Separation and Divorce: CGT consequences and Relief

With nearly one in three marriages ending in divorce—and numerous de facto relationships breaking down—the capital gains tax (CGT) roll-over provisions for “marriage and relationship breakdowns” have gained increasing significance.

These provisions allow for the roll-over of any capital gain on the transfer of assets between separating parties, ensuring there is no immediate CGT liability.

However, as with all CGT concessions, important conditions must be met.

  • The first is that the transfer of the asset must occur in accordance with one of the prescribed methods, such as a court order or a defined financial or maintenance agreement.

A key planning opportunity arises when a party wants to realize a capital loss on an asset they intend to transfer. In such cases, avoiding the CGT roll-over by using a private agreement rather than one of the specified methods may be beneficial.

  • Another critical rule is that the roll-over only applies when the asset is transferred directly to the other spouse, and not to a trust, company, or the estate of the spouse. The sole exception may be a transfer to a “child maintenance trust,” which is subject to strict conditions.

It’s important to note that not all assets qualify for the roll-over. For example, trading stock is excluded and would be subject to the normal rules that apply to the disposal of trading stock outside the ordinary course of business.

  • Additionally, while the roll-over defers CGT, it does not eliminate it. it just means that it is deferred until the spouse to whom the asset is transferred later sells the asset or it is subject to a CGT event in their hands. 

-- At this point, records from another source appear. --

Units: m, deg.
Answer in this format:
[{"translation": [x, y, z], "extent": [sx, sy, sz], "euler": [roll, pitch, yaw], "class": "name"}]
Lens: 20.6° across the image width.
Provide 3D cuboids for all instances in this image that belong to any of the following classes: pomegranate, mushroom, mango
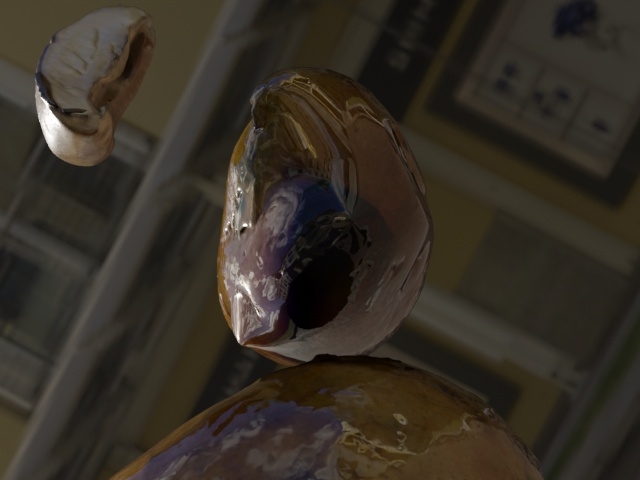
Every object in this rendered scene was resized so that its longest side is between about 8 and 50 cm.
[{"translation": [0.001, 0.222, 1.112], "extent": [0.322, 0.322, 0.322], "euler": [-61, -4, -8], "class": "pomegranate"}, {"translation": [-0.182, -0.115, 1.377], "extent": [0.210, 0.072, 0.094], "euler": [-76, -8, -56], "class": "mushroom"}, {"translation": [0.000, 0.000, 1.294], "extent": [0.201, 0.152, 0.287], "euler": [-54, -13, -10], "class": "mango"}]
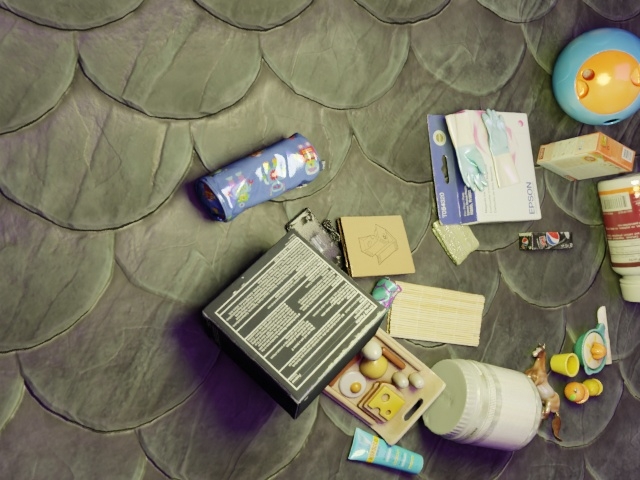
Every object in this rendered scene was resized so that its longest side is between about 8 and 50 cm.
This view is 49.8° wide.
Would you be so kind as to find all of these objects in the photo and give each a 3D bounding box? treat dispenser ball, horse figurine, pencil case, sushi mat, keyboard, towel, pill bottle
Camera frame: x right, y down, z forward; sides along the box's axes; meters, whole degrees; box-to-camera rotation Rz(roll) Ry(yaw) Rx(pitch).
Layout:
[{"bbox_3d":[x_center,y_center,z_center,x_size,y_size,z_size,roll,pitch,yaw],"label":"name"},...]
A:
[{"bbox_3d":[0.848,-0.492,2.074,0.288,0.288,0.288,1,87,-27],"label":"treat dispenser ball"},{"bbox_3d":[0.656,0.462,2.049,0.174,0.066,0.263,-27,92,-43],"label":"horse figurine"},{"bbox_3d":[-0.142,-0.147,1.642,0.306,0.119,0.133,-28,111,-26],"label":"pencil case"},{"bbox_3d":[0.325,0.207,1.924,0.316,0.019,0.151,10,84,-27],"label":"sushi mat"},{"bbox_3d":[0.000,0.000,1.763,0.108,0.023,0.180,-41,107,-16],"label":"keyboard"},{"bbox_3d":[0.385,-0.014,1.960,0.110,0.027,0.148,-39,105,-22],"label":"towel"},{"bbox_3d":[1.025,-0.016,2.182,0.224,0.224,0.392,-13,94,-27],"label":"pill bottle"},{"bbox_3d":[0.155,0.172,1.808,0.064,0.070,0.152,41,72,-34],"label":"pencil case"}]

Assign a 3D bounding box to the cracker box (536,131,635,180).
[{"bbox_3d":[0.791,-0.248,2.065,0.155,0.232,0.067,20,77,-25],"label":"cracker box"}]

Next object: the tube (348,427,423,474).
[{"bbox_3d":[0.172,0.563,1.817,0.207,0.052,0.080,23,68,-18],"label":"tube"}]

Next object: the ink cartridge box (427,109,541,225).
[{"bbox_3d":[0.474,-0.209,1.978,0.330,0.071,0.324,-4,84,-28],"label":"ink cartridge box"}]

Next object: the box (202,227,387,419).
[{"bbox_3d":[-0.060,0.190,1.570,0.294,0.183,0.296,41,67,16],"label":"box"}]

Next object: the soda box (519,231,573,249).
[{"bbox_3d":[0.687,0.002,2.097,0.169,0.060,0.053,-1,87,-27],"label":"soda box"}]

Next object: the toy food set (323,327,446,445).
[{"bbox_3d":[0.147,0.362,1.743,0.306,0.092,0.220,41,91,-21],"label":"toy food set"}]

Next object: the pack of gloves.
[{"bbox_3d":[0.466,-0.256,1.920,0.195,0.046,0.232,-15,89,-24],"label":"pack of gloves"}]

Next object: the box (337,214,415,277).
[{"bbox_3d":[0.146,0.014,1.808,0.201,0.021,0.164,-2,72,-31],"label":"box"}]

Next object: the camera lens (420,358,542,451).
[{"bbox_3d":[0.437,0.442,1.858,0.274,0.219,0.219,17,80,-26],"label":"camera lens"}]

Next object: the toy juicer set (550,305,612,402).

However, in this case they would generally acquire the other party’s “cost base” for the purposes of calculating any capital gain or loss. And they would also generally be entitled to the CGT 50% discount if it was held for the required time.

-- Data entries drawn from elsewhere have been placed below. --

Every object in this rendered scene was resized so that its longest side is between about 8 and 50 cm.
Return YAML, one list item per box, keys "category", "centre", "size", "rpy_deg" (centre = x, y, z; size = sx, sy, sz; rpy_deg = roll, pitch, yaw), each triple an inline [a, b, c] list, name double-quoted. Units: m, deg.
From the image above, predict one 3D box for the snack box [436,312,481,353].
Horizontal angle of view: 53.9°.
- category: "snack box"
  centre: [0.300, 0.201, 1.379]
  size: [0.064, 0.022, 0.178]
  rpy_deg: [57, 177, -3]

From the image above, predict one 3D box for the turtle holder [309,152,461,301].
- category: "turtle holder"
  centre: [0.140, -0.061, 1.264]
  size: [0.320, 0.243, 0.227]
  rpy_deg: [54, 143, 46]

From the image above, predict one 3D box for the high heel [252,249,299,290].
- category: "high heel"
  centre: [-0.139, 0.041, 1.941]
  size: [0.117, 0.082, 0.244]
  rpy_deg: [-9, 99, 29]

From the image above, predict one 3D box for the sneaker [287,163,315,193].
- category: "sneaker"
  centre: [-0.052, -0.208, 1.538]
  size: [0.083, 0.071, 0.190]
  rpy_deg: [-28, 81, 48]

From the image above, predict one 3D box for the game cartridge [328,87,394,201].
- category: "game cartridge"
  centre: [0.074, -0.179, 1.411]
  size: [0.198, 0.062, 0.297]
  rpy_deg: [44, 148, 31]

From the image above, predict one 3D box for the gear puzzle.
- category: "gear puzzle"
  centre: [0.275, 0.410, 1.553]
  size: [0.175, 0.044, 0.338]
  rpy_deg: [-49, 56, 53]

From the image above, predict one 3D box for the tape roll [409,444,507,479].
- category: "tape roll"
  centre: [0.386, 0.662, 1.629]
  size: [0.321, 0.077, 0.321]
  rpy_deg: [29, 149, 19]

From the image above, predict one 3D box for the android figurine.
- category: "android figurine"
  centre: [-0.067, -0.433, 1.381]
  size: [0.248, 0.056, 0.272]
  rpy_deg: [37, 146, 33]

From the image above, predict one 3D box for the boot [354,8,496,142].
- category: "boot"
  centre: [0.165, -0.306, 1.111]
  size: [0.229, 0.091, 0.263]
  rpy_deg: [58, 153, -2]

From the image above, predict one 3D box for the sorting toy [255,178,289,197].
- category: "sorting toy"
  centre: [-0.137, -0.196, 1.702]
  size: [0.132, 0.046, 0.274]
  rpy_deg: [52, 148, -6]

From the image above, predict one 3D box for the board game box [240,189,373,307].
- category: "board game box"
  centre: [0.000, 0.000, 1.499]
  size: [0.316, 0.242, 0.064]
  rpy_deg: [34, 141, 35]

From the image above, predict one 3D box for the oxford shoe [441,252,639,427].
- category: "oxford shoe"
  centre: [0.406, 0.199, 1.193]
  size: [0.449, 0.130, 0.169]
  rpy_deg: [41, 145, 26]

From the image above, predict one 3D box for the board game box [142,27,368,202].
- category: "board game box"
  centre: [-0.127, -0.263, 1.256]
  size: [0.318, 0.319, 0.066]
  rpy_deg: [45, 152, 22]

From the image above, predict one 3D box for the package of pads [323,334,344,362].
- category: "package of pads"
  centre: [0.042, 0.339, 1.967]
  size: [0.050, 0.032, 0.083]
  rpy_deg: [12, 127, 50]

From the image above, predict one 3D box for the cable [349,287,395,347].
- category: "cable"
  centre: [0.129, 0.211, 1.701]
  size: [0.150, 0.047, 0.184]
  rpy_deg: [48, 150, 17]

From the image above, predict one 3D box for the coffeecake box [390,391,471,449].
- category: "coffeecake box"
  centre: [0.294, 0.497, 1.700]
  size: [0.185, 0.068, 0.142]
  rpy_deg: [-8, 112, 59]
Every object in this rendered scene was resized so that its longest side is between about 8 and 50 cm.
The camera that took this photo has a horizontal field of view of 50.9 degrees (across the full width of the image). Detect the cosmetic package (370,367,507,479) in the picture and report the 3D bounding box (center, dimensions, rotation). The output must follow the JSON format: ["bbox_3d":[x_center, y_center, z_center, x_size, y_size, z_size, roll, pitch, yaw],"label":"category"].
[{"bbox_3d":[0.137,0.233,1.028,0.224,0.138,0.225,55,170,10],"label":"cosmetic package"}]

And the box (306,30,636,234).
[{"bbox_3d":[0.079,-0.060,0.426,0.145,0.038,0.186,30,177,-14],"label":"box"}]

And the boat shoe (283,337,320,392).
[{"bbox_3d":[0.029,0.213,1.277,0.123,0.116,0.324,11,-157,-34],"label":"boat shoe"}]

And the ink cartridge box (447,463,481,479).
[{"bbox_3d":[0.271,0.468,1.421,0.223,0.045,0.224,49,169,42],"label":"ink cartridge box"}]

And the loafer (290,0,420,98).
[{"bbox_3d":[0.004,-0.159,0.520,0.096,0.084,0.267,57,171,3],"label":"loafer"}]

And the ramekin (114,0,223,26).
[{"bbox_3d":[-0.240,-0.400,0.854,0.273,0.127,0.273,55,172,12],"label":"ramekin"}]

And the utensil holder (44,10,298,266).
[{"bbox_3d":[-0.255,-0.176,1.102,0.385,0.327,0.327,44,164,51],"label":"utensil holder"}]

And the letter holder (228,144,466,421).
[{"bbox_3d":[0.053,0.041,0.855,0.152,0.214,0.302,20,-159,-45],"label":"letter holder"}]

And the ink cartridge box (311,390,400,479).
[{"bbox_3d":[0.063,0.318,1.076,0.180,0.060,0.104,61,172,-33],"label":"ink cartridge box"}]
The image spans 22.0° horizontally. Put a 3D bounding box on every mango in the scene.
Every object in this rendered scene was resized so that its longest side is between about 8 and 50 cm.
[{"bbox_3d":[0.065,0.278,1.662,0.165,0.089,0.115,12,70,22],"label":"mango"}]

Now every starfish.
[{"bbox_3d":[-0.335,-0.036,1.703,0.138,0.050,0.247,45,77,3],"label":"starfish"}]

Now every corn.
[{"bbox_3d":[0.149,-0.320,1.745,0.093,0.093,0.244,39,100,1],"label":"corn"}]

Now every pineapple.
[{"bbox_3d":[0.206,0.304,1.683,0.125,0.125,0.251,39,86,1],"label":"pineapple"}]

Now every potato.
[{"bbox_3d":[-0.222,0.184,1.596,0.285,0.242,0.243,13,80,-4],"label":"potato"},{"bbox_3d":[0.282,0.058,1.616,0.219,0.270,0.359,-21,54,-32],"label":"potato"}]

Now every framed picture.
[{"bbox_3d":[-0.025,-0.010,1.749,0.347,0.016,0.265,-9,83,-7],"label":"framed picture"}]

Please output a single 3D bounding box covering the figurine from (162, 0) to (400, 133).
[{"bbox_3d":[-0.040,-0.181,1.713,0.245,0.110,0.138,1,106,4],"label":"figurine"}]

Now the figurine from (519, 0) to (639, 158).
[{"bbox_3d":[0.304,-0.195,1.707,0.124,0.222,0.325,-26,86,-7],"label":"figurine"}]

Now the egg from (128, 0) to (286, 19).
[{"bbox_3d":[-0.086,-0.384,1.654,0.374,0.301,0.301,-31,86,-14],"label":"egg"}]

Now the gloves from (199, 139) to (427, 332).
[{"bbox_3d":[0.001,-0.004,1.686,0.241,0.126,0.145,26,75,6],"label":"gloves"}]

Special care must also be taken with dwellings, such as rental properties, as the spouse acquiring the property may be liable for CGT on gains accrued while the property was used for other purposes, even if it later becomes their home.

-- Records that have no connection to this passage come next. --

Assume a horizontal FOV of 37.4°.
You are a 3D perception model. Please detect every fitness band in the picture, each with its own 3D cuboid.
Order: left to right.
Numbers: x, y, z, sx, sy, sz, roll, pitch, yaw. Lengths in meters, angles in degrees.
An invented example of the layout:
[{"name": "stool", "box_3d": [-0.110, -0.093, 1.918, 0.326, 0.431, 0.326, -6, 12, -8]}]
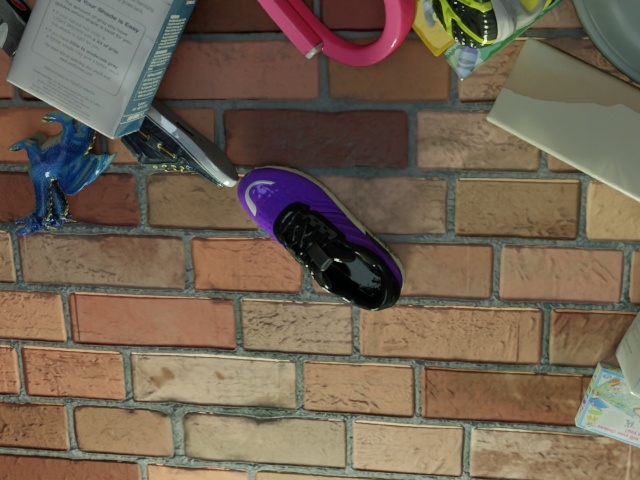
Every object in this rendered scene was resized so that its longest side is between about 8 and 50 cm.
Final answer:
[{"name": "fitness band", "box_3d": [0.000, -0.360, 1.260, 0.291, 0.054, 0.209, 50, 141, -6]}]

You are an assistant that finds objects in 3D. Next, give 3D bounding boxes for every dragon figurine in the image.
[{"name": "dragon figurine", "box_3d": [-0.367, -0.124, 1.425, 0.289, 0.085, 0.144, -36, 97, 17]}]

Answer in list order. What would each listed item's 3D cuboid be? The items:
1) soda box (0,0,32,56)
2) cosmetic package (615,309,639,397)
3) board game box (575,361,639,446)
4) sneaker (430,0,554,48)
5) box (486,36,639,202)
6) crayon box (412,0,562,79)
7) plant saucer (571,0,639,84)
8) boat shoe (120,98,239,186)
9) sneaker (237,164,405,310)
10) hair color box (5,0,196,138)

Suffice to say, this type of scenario requires some careful negotiations between the parties before such a transaction is undertaken to make sure everything is “fair” for all the parties. 

  • There are also special rules that apply when, say, an asset that is held by a family company or trust is transferred out of that company or trust to the other party as part of a settlement agreement.

Again, these rules can be complex and require good advice to ensure that all the issues are managed effectively.

In summary, if you are dealing with a separation, it is essential to seek advice to ensure that the CGT roll-over provisions are used effectively and to avoid any unexpected tax implications.